Since we have studied only two types of stimuli and in very different procedures, we can only say that cross-location integration occurs for some stimuli and not for others. Physiological studies have not approached this question yet either. Experiments with multiple objects in the receptive field typically look at the interference between these stimuli and modulate the degree of interference by making one or the other task relevant, manipulating attention (Reynolds & Chelazzi, 2004). Sequential presentation at different locations where the successive presentations are taken to be continuations of the same object have not yet been tested nor has the simpler case of moving higher order stimuli (faces, objects, etc.).

Note that in our displays, the summation that we did find could not be categorized as simply non-localized summation within larger receptive fields because it requires, as well, strong attentional selection. Specifically, if we imagine that the integration is occurring over large spatial extents, attention must be strongly gating inputs to the cell from different areas of the field as the target moves. Since it is the location of the moving target that determines the attended locations, this defines an object-based integration process even if the information within each sample is simply summed rather than being combined in register from sample to sample in object-centered coordinates.

Dwell time and the spatiotemporal sampling window for attention

Dwell time for attention refers to the minimum temporal interval that can be attended independently of preceding and following stimulation (Duncan et al., 1994). The dwell time for selecting and combining the colors and motions is fairly long, 300 ms or more (Arnold, 2005; Moradi & Shimojo, 2004), as it is for other attention-dependent tasks (e.g. Duncan et al., 1994; Holcombe & Cavanagh, 2001).

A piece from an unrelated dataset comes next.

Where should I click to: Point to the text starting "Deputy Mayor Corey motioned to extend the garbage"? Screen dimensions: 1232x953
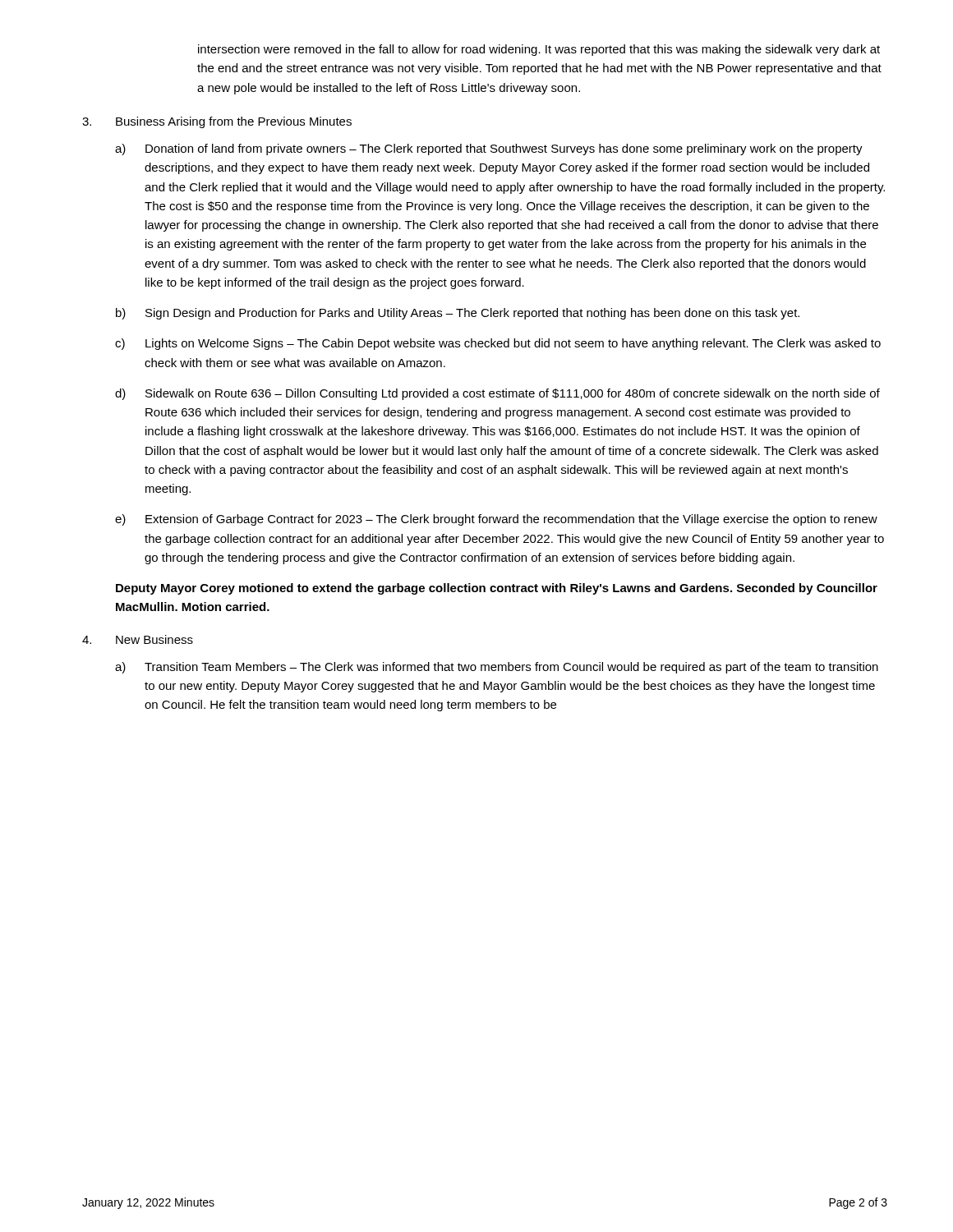coord(496,597)

At a rate of 4 Hz or more in Experiment 1, both of the alternating colors, and both of the alternating motions fall within the dwell time (Figure 13) so that processing of the initial combination is not completed before the next pair arrives and interrupts.

Figure 13.

Figure 13

Attention sampling from a fixed location. A channel opens for transfer of information from location 1, but it has a minimum duration or dwell time before it can close again, typically no less than 200 ms (Duncan et al., 1994; Theeuwes, Godin, & Pratt, 2004). During that time, the alternating stimulus cycles between the two values and the resulting interruptions degrade the ability to identify and combine the colors and motions appropriately.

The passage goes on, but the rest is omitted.